Akurat

Pacu Pertumbuhan, Pemerintah Gelontorkan Stimulus ke Sektor Transportasi dan Manufaktur

Hefriday | 2 Desember 2025, 16:35 WIB
Pacu Pertumbuhan, Pemerintah Gelontorkan Stimulus ke Sektor Transportasi dan Manufaktur

AKURAT.CO Menjelang periode libur Natal 2025 dan Tahun Baru 2026, pemerintah menyiapkan serangkaian stimulus untuk menjaga daya beli masyarakat. 

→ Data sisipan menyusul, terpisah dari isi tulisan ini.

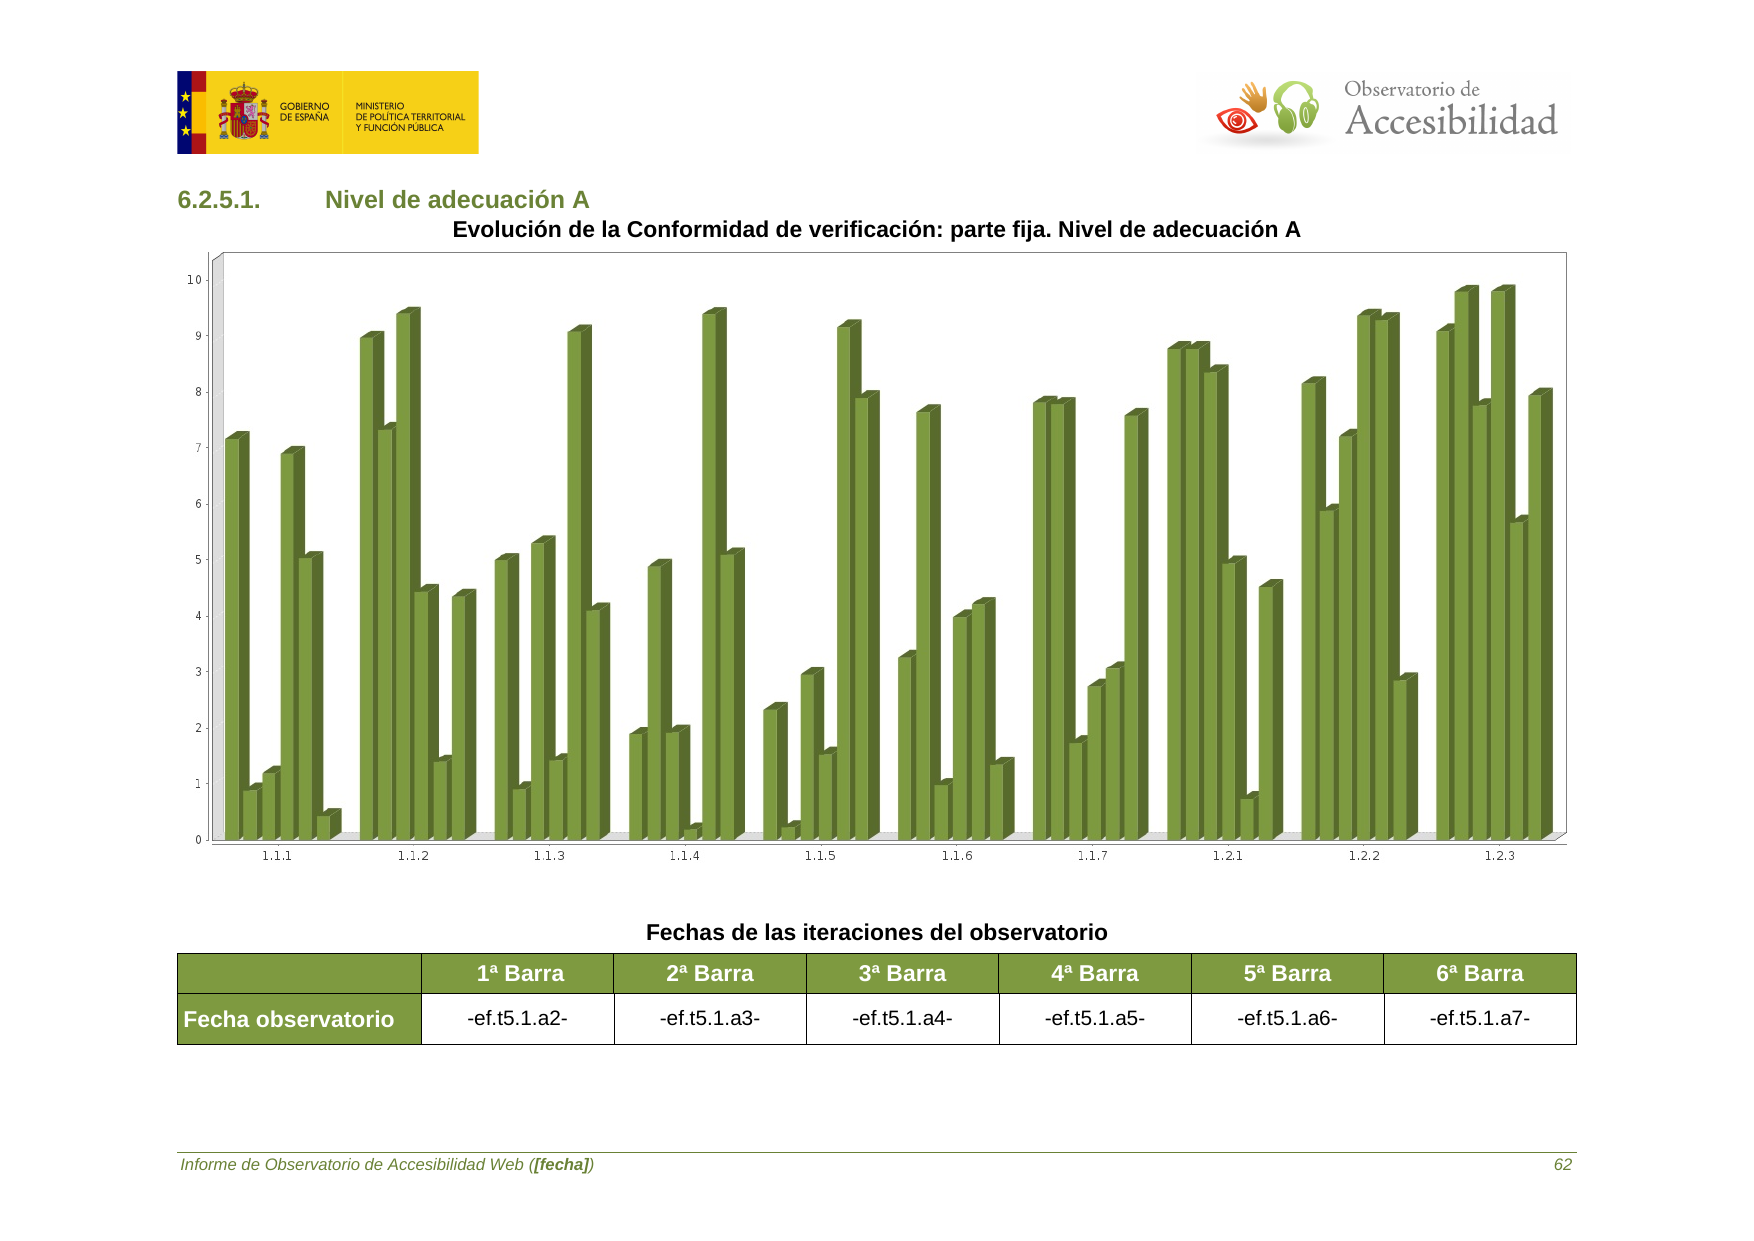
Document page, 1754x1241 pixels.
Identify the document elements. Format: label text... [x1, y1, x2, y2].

table_cell Fecha observatorio [178, 994, 421, 1044]
table_cell -ef.t5.1.a7- [1385, 994, 1576, 1044]
text Evolución de la Conformidad de verificación: parte fija. Nivel de adecuación A [177, 216, 1577, 242]
table_cell -ef.t5.1.a5- [1000, 994, 1191, 1044]
table_cell -ef.t5.1.a6- [1192, 994, 1384, 1044]
table_header 5ª Barra [1192, 954, 1383, 993]
picture [1196, 72, 1572, 154]
table_header 3ª Barra [807, 954, 998, 993]
table_cell -ef.t5.1.a3- [615, 994, 806, 1044]
table_header 2ª Barra [614, 954, 806, 993]
table_header 6ª Barra [1384, 954, 1576, 993]
picture [177, 71, 479, 154]
table_header [178, 954, 421, 993]
table_cell -ef.t5.1.a2- [422, 994, 614, 1044]
picture [177, 242, 1577, 868]
table_header 1ª Barra [422, 954, 613, 993]
text Fechas de las iteraciones del observatorio [177, 919, 1577, 945]
subtitle Nivel de adecuación A [177, 185, 1577, 214]
table_header 4ª Barra [999, 954, 1191, 993]
table_cell -ef.t5.1.a4- [807, 994, 999, 1044]
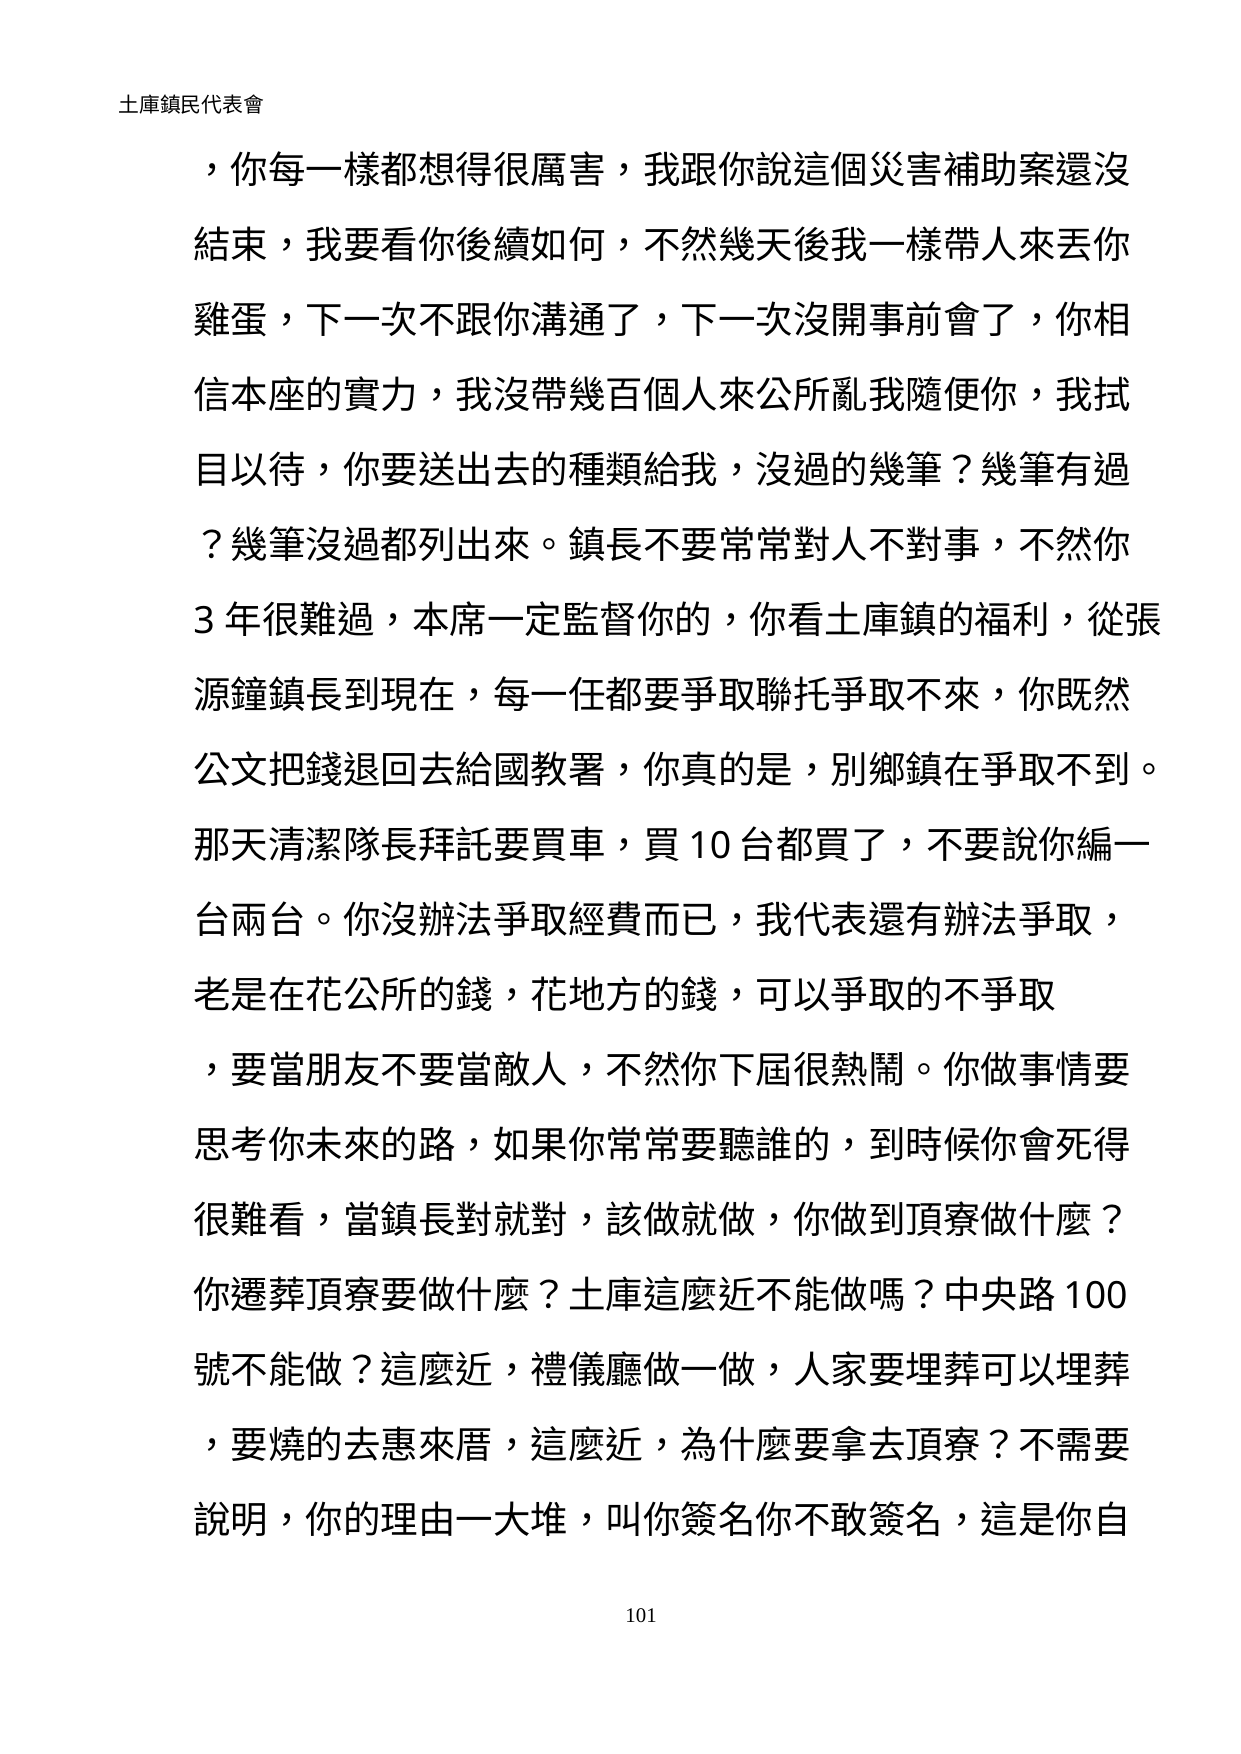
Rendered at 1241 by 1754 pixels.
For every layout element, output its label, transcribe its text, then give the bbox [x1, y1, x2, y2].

Menteri Koordinator Bidang Perekonomian, Airlangga Hartarto, menyampaikan bahwa kebijakan tersebut terutama menyasar sektor transportasi dan manufaktur yang sedang menunjukkan tren positif.
 
Airlangga mengatakan tarif angkutan udara menjadi salah satu fokus pemerintah jelang mobilitas besar akhir tahun. Pasalnya, tarif pesawat tercatat naik 6,02% (mtm) pada November, sejalan dengan pola historis peningkatan permintaan.
 
Untuk menahan lonjakan biaya perjalanan masyarakat, pemerintah menargetkan program diskon tarif transportasi mulai Desember. Menurut Airlangga, langkah tersebut diperkirakan efektif menurunkan kembali tarif pesawat serta menjaga aktivitas ekonomi.
 
Dari sisi lain, pemerintah juga memantau perkembangan inflasi yang pada November berada di level 2,72% (yoy). Inflasi inti stabil di 2,36%, menunjukkan ekspektasi harga publik tetap terjaga. 
 
 
Meski demikian, kelompok pangan bergejolak masih perlu mendapat perhatian karena beberapa komoditas mengalami kenaikan akibat cuaca ekstrem.
 
Beras menjadi komoditas yang justru mencatat penurunan harga dengan deflasi 0,59% (mtm). Pemerintah menyebut hal ini sebagai hasil intervensi melalui Bantuan Pangan kepada 18,3 juta KPM serta kegiatan pasar murah dan program stabilisasi harga.
 
Dukungan terhadap daya beli masyarakat juga diperkuat dari sisi industri manufaktur. PMI Manufaktur Indonesia naik signifikan ke 53,3 pada November 2025, dari 51,2 pada Oktober.  Kenaikan ini menjadi sinyal kuat bahwa sektor industri siap menghadapi peningkatan permintaan akhir tahun.
 
Airlangga menjelaskan bahwa peningkatan aktivitas produksi mendorong perusahaan memperbesar pembelian bahan baku. Penumpukan pekerjaan yang terjadi selama delapan bulan terakhir juga membuat pelaku industri meningkatkan kapasitas tenaga kerja.
 
“Kondisi ini menunjukkan sektor manufaktur semakin solid. Momentum ekspansi ini harus dijaga karena berperan besar dalam pertumbuhan ekonomi,” kata Airlangga di Jakarta, Selasa (2/12/2025). 
 
Dari sisi perdagangan luar negeri, Indonesia masih mencatat surplus USD2,39 miliar pada Oktober 2025. Ekspor non-migas ke AS tumbuh 4,43%, memperkuat neraca perdagangan di tengah negosiasi tarif resiprokal dengan Washington.
 
Surplus yang telah berlangsung 66 bulan menjadi bantalan tambahan bagi stabilitas ekonomi. Pemerintah menilai kombinasi permintaan domestik yang solid, ekspor yang kuat, dan inflasi yang terkendali menjadi dasar optimisme memasuki akhir tahun.
 
Sejumlah insentif di sisi permintaan dan pasokan disiapkan untuk memperkuat mobilitas masyarakat pada puncak musim liburan. Pemerintah juga meminta pelaku usaha memanfaatkan momentum ini untuk menjaga produksi dan pasokan ke pasar.
 
Airlangga menegaskan, tahun 2025 diakhiri dengan kondisi yang relatif stabil dan positif. “Stimulus dan berbagai insentif akan menjadi dorongan tambahan bagi ekonomi. Dengan permintaan domestik yang meningkat secara musiman, momentum pertumbuhan diperkirakan tetap terjaga hingga awal tahun depan,” ujarnya.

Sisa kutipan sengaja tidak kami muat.